As noted above, 5 cognitive tasks intended to measure 4 different constructs were administered to each participant. Each of these tasks has been described in detail in earlier reports, and additional details are provided in table 1 and the online supplementary materials, including descriptions of task length. The software for these tasks and testing procedures also are available for use by other investigators through the CNTRaCS Web site http://cntracs.ucdavis.edu/task. The order of task administration within a session for each participant was the same as the order in which the tasks are listed, with the exception of the goal maintenance tasks, which were counterbalanced across participants. We used a fixed task order in order to facilitate individual differences analyses of the relationships between task performance and other measures (eg, function, symptoms), which will be the focus of other publications. All tasks were administered 3 times. The time between the first (T1) and second (T2) assessments was planned to be 7 days (M = 7.24 days, range 4–14) and between the second and third (T3) 14 days (M = 14.39 days, range 10–29). Similar to the MATRICS,36 we also collected tolerability ratings from participants for the RiSE, JOVI, and CCE (ratings are not available for the DPX and the AX-CPT due to a technical problem with the part of the Eprime script that was to present the rating questions). The ratings were made using a 7-point visual analog scale, with 1 anchored with a frowning face and the word “Unpleasant” and 7 anchored with a smiling face and the word “Pleasant.”

Table 1.

Description of CNTRaCS Tasks

Construct Task Name Number of Trials Dependent Measure(s)
Goal maintenance: The processes involved in activating task related goals or rules based on endogenous or exogenous cues, actively representing them in a highly accessible form, and maintaining this information over an interval during which that information is needed to bias and constrain attention and response selection Dot Probe Expectancy (DPX)26 144 (104 “A-X”, 16 “B-X”, 16 “A-Y”, 8 “B-Y”) d  ′-context (AX hits vs BX false alarms)
AX-CPT30,36 144 (104 “A-X”, 16 “B-X”, 16 “A-Y”, 8 “B-Y”) d  ′-context (AX hits vs BX false alarms)
Episodic memory encoding and retrieval: The processes involved in memory for stimuli/elements and how they were associated with coincident context, stimuli or events Relational and Item-Specific Encoding (RiSE)28 36 Item Encoding and 36 Relational Encoding; 144 Item Recognition (½ new, ½ old), 18 Associative Recognition Corrected Recognition (hits minus false alarms) for (a) item recognition: (1) item encoding and (2) the relational encoding condition and (b) associative recognition
Visual integration: The processes linking the output of neurons – that individually code local (typically, small) attributes of a scene - into global (typically, larger) complex structure, more suitable for the guidance of behavior Jittered Orientation Visual Integration (JOVI)29 288 (48 at each of 6 “jitter” levels) Threshold defined using a sigmoidal function (online supplementary materials); percent accuracy
Gain control: The processes whereby neurons adapt their response levels to take into account their immediate context, in order to make best use of a limited dynamic signaling range Contrast-Contrast Effect (CCE)27 180 in no surround, 180 in surround, each of which included 20 catch trials Difference between performance in the surround and no surround condition

Data Analysis Overview

Multilevel modeling (MLM) was used to analyze performance because it permits the inclusion of data from participants with at least 2 data points and accounts for the actual assessment intervals for each subject.
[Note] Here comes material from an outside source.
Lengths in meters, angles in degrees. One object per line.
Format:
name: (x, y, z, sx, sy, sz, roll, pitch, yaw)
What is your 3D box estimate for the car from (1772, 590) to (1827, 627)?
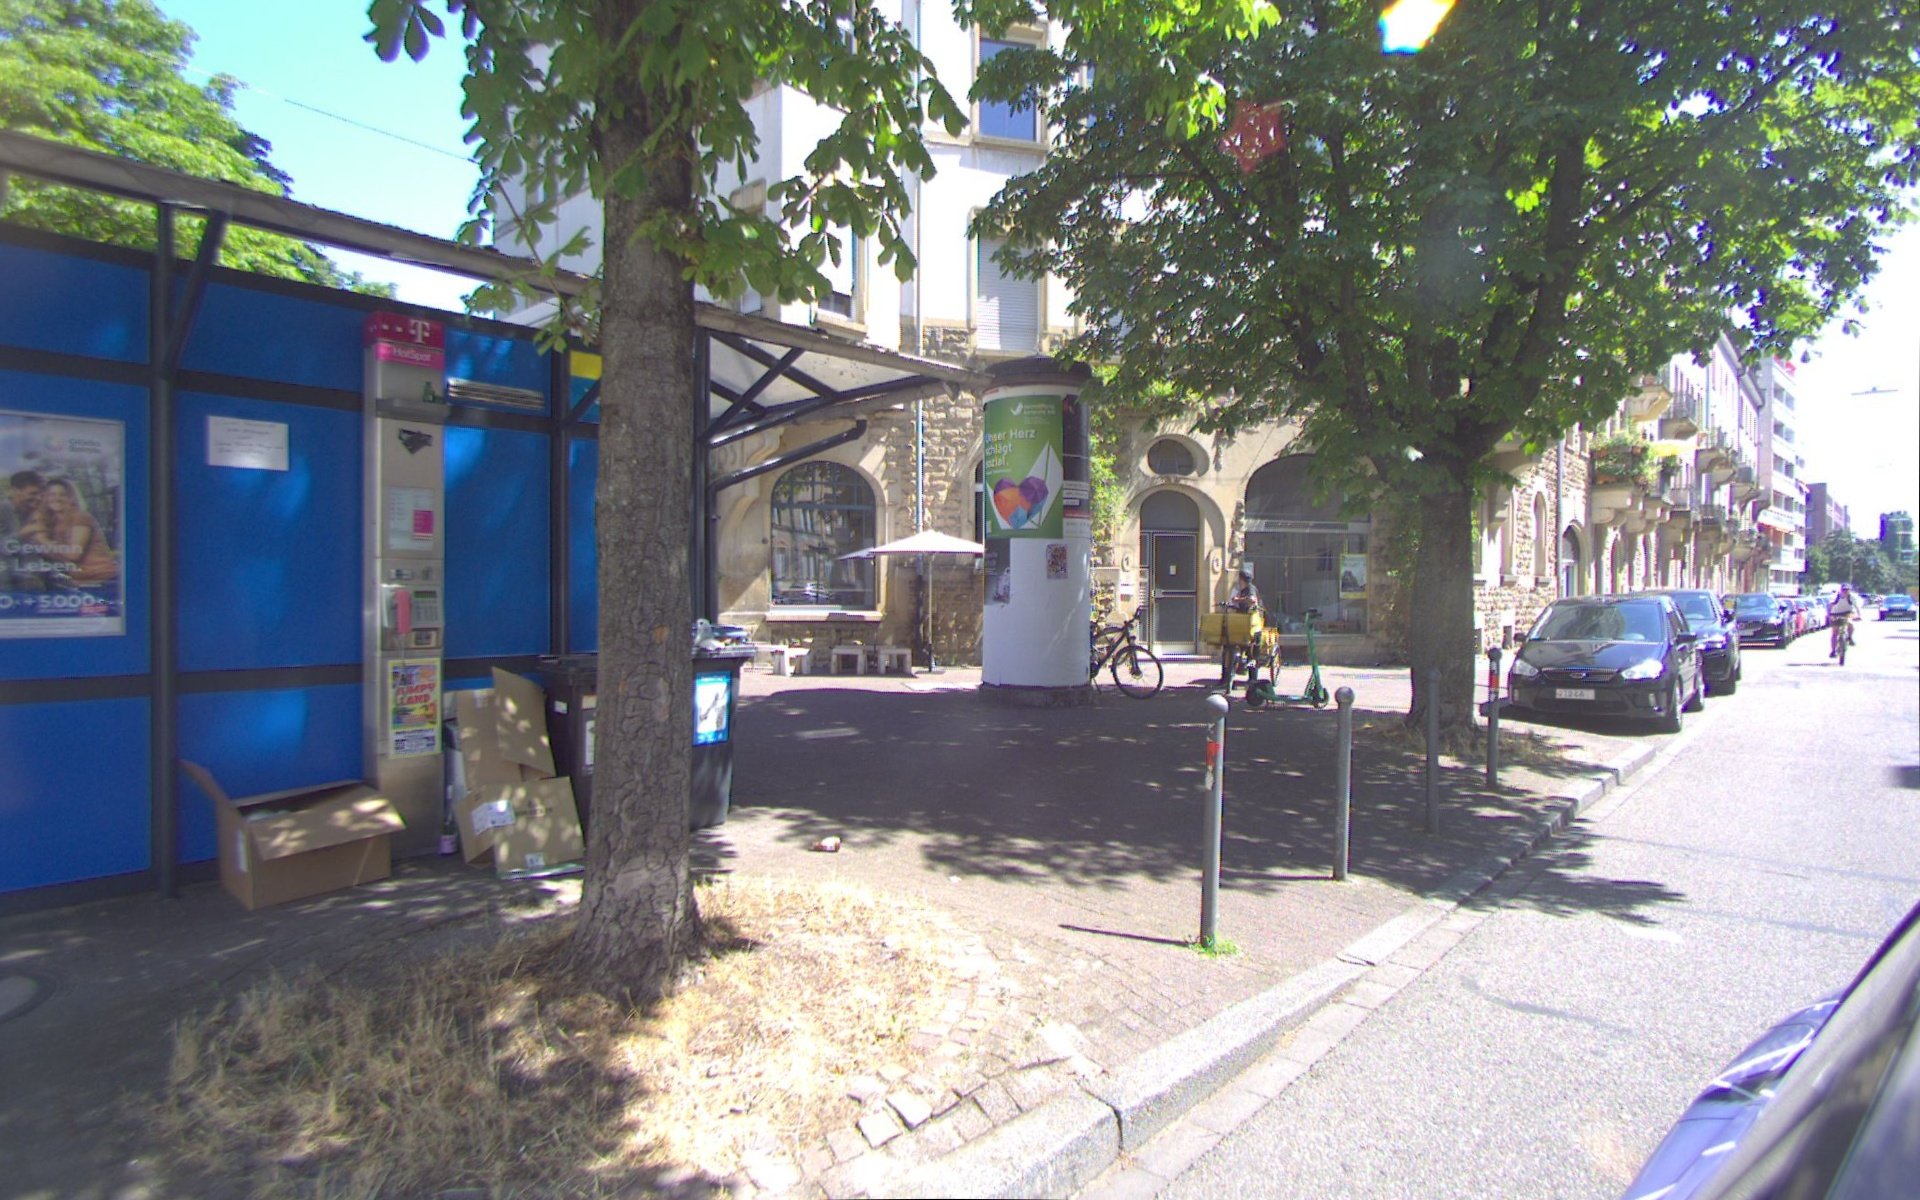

Models were built independently for each cognitive task using established procedures.29 Assessment occasion (time) was the level-1 predictor, which was centered at the first testing occasion. The between person (level-2) predictors were diagnosis, age (grand-mean centered), sex, and all higher order interactions. A missing data analysis indicated that diagnostic group, age, sex, parental and own SES, and site did not predict missing values and so MLM analyses were conducted assuming random missing data.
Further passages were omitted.